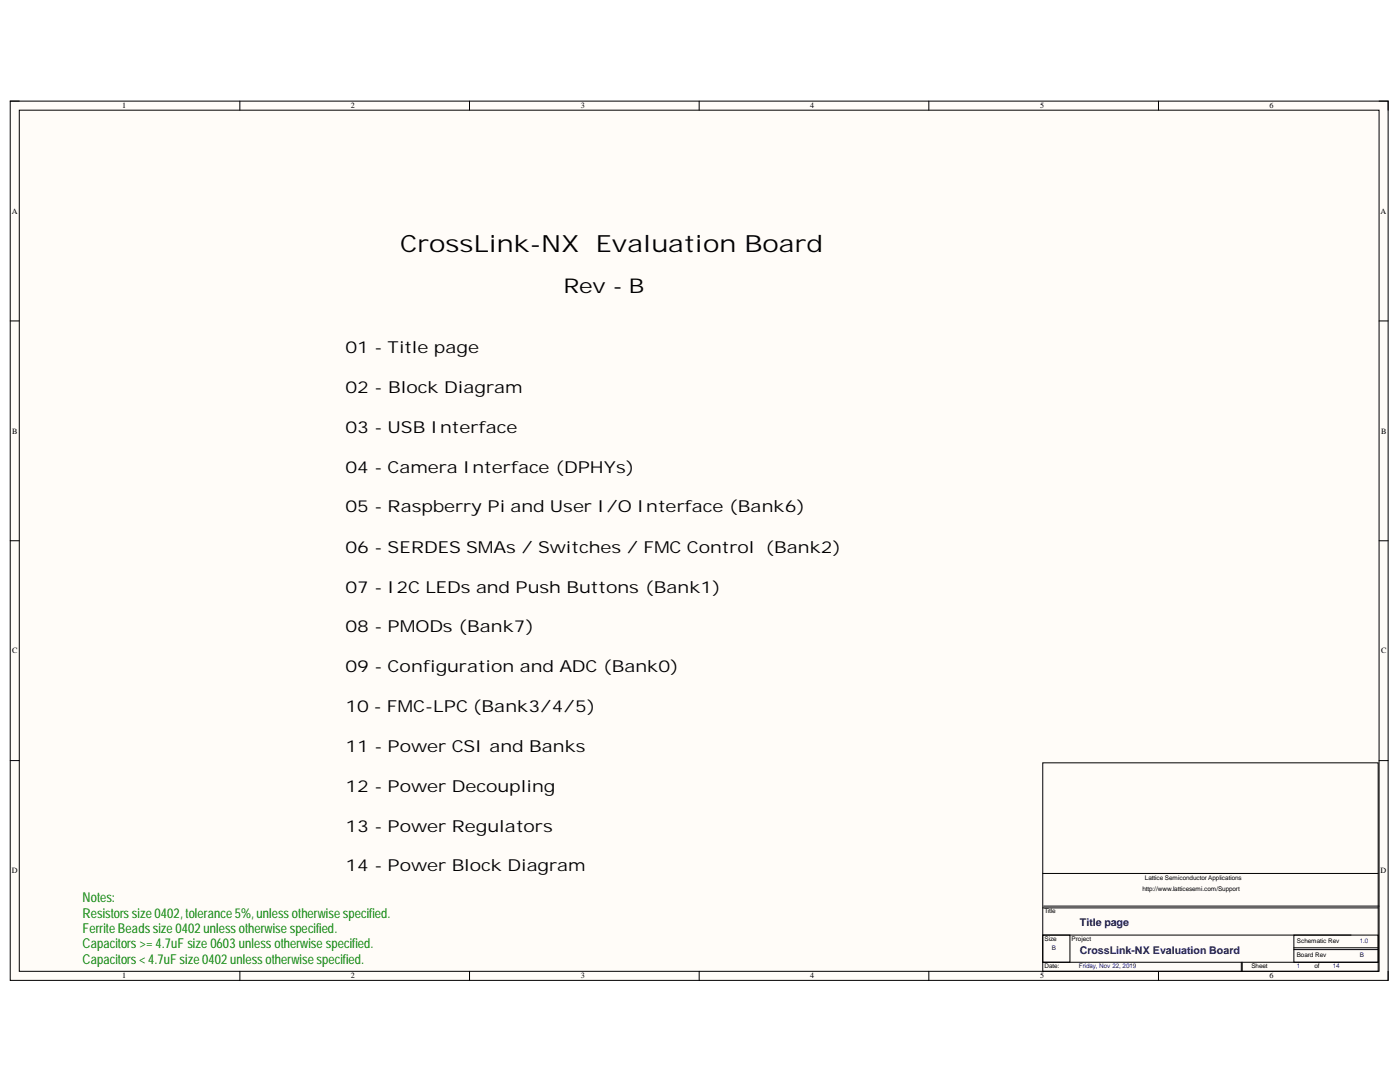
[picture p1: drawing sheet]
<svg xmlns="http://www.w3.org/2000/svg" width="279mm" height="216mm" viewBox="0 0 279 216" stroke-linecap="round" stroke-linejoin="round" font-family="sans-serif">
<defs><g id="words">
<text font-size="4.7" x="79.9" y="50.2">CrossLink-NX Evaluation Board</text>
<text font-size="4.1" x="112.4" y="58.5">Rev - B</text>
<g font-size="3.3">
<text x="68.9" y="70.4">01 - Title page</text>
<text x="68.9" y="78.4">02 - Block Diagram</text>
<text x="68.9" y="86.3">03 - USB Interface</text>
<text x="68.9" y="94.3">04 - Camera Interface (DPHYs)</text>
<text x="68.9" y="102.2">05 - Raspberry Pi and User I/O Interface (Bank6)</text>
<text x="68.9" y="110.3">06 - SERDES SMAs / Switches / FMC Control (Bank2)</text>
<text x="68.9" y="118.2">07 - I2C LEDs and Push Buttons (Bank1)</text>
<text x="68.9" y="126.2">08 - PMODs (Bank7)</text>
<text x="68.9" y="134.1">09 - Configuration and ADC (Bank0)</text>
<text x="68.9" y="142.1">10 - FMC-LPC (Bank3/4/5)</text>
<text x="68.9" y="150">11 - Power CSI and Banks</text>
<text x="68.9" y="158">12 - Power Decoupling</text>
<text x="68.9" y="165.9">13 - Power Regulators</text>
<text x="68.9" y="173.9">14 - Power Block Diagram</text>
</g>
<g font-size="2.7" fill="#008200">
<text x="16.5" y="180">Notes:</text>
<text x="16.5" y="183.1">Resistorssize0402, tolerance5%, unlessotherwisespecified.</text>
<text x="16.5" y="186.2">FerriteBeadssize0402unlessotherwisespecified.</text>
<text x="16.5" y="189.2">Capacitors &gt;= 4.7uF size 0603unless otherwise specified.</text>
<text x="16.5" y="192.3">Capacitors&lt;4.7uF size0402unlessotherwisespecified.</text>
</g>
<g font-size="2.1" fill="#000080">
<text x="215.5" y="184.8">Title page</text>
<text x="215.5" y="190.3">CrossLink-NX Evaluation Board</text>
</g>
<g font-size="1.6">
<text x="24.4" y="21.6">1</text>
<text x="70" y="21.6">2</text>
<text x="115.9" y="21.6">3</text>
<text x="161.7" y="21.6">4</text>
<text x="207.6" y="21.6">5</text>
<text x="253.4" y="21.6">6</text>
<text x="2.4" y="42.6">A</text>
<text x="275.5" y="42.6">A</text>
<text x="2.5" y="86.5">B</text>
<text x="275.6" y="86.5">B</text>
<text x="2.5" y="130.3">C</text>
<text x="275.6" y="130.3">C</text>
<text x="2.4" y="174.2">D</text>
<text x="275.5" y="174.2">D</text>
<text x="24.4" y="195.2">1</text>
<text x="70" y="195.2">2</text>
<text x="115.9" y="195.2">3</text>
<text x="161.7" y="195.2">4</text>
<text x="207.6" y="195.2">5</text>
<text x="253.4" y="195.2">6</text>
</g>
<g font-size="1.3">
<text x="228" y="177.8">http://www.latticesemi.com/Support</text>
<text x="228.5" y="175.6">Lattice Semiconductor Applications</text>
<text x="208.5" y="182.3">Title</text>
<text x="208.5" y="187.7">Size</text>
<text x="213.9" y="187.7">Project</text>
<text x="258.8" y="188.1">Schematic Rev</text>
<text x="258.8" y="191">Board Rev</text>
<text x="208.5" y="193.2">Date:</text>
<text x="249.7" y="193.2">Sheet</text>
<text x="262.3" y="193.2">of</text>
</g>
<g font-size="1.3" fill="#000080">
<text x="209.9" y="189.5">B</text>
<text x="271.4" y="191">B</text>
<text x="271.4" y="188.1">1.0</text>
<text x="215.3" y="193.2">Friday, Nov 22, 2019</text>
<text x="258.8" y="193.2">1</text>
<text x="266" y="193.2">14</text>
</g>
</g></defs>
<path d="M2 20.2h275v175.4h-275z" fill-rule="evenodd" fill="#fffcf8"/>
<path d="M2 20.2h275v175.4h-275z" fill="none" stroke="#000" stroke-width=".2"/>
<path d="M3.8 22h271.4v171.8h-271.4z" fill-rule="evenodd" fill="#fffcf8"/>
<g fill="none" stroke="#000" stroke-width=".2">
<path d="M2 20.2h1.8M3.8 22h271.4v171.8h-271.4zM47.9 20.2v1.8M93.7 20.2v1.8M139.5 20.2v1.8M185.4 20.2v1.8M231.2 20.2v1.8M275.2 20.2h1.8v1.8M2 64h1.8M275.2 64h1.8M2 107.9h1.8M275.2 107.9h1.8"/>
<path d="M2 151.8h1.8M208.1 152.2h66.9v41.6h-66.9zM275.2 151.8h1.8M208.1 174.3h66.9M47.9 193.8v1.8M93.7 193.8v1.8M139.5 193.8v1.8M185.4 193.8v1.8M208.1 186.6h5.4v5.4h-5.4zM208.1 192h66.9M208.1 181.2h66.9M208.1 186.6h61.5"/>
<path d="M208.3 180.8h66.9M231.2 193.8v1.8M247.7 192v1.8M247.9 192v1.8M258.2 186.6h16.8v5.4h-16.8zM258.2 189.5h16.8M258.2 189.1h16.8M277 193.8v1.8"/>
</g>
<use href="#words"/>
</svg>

********************

● **Work to be completed**: The copy you produce must hold all the records above exactly and none of their pictures.

● **Output of the exercise**:
[picture p1: drawing sheet]
<svg xmlns="http://www.w3.org/2000/svg" width="279mm" height="216mm" viewBox="0 0 279 216" stroke-linecap="round" stroke-linejoin="round" font-family="sans-serif">
<defs><g id="words">
<text font-size="4.7" x="79.9" y="50.2">CrossLink-NX Evaluation Board</text>
<text font-size="4.1" x="112.4" y="58.5">Rev - B</text>
<g font-size="3.3">
<text x="68.9" y="70.4">01 - Title page</text>
<text x="68.9" y="78.4">02 - Block Diagram</text>
<text x="68.9" y="86.3">03 - USB Interface</text>
<text x="68.9" y="94.3">04 - Camera Interface (DPHYs)</text>
<text x="68.9" y="102.2">05 - Raspberry Pi and User I/O Interface (Bank6)</text>
<text x="68.9" y="110.3">06 - SERDES SMAs / Switches / FMC Control (Bank2)</text>
<text x="68.9" y="118.2">07 - I2C LEDs and Push Buttons (Bank1)</text>
<text x="68.9" y="126.2">08 - PMODs (Bank7)</text>
<text x="68.9" y="134.1">09 - Configuration and ADC (Bank0)</text>
<text x="68.9" y="142.1">10 - FMC-LPC (Bank3/4/5)</text>
<text x="68.9" y="150">11 - Power CSI and Banks</text>
<text x="68.9" y="158">12 - Power Decoupling</text>
<text x="68.9" y="165.9">13 - Power Regulators</text>
<text x="68.9" y="173.9">14 - Power Block Diagram</text>
</g>
<g font-size="2.7" fill="#008200">
<text x="16.5" y="180">Notes:</text>
<text x="16.5" y="183.1">Resistorssize0402, tolerance5%, unlessotherwisespecified.</text>
<text x="16.5" y="186.2">FerriteBeadssize0402unlessotherwisespecified.</text>
<text x="16.5" y="189.2">Capacitors &gt;= 4.7uF size 0603unless otherwise specified.</text>
<text x="16.5" y="192.3">Capacitors&lt;4.7uF size0402unlessotherwisespecified.</text>
</g>
<g font-size="2.1" fill="#000080">
<text x="215.5" y="184.8">Title page</text>
<text x="215.5" y="190.3">CrossLink-NX Evaluation Board</text>
</g>
<g font-size="1.6">
<text x="24.4" y="21.6">1</text>
<text x="70" y="21.6">2</text>
<text x="115.9" y="21.6">3</text>
<text x="161.7" y="21.6">4</text>
<text x="207.6" y="21.6">5</text>
<text x="253.4" y="21.6">6</text>
<text x="2.4" y="42.6">A</text>
<text x="275.5" y="42.6">A</text>
<text x="2.5" y="86.5">B</text>
<text x="275.6" y="86.5">B</text>
<text x="2.5" y="130.3">C</text>
<text x="275.6" y="130.3">C</text>
<text x="2.4" y="174.2">D</text>
<text x="275.5" y="174.2">D</text>
<text x="24.4" y="195.2">1</text>
<text x="70" y="195.2">2</text>
<text x="115.9" y="195.2">3</text>
<text x="161.7" y="195.2">4</text>
<text x="207.6" y="195.2">5</text>
<text x="253.4" y="195.2">6</text>
</g>
<g font-size="1.3">
<text x="228" y="177.8">http://www.latticesemi.com/Support</text>
<text x="228.5" y="175.6">Lattice Semiconductor Applications</text>
<text x="208.5" y="182.3">Title</text>
<text x="208.5" y="187.7">Size</text>
<text x="213.9" y="187.7">Project</text>
<text x="258.8" y="188.1">Schematic Rev</text>
<text x="258.8" y="191">Board Rev</text>
<text x="208.5" y="193.2">Date:</text>
<text x="249.7" y="193.2">Sheet</text>
<text x="262.3" y="193.2">of</text>
</g>
<g font-size="1.3" fill="#000080">
<text x="209.9" y="189.5">B</text>
<text x="271.4" y="191">B</text>
<text x="271.4" y="188.1">1.0</text>
<text x="215.3" y="193.2">Friday, Nov 22, 2019</text>
<text x="258.8" y="193.2">1</text>
<text x="266" y="193.2">14</text>
</g>
</g></defs>
<path d="M2 20.2h275v175.4h-275z" fill-rule="evenodd" fill="#fffcf8"/>
<path d="M2 20.2h275v175.4h-275z" fill="none" stroke="#000" stroke-width=".2"/>
<path d="M3.8 22h271.4v171.8h-271.4z" fill-rule="evenodd" fill="#fffcf8"/>
<g fill="none" stroke="#000" stroke-width=".2">
<path d="M2 20.2h1.8M3.8 22h271.4v171.8h-271.4zM47.9 20.2v1.8M93.7 20.2v1.8M139.5 20.2v1.8M185.4 20.2v1.8M231.2 20.2v1.8M275.2 20.2h1.8v1.8M2 64h1.8M275.2 64h1.8M2 107.9h1.8M275.2 107.9h1.8"/>
<path d="M2 151.8h1.8M208.1 152.2h66.9v41.6h-66.9zM275.2 151.8h1.8M208.1 174.3h66.9M47.9 193.8v1.8M93.7 193.8v1.8M139.5 193.8v1.8M185.4 193.8v1.8M208.1 186.6h5.4v5.4h-5.4zM208.1 192h66.9M208.1 181.2h66.9M208.1 186.6h61.5"/>
<path d="M208.3 180.8h66.9M231.2 193.8v1.8M247.7 192v1.8M247.9 192v1.8M258.2 186.6h16.8v5.4h-16.8zM258.2 189.5h16.8M258.2 189.1h16.8M277 193.8v1.8"/>
</g>
<use href="#words"/>
</svg>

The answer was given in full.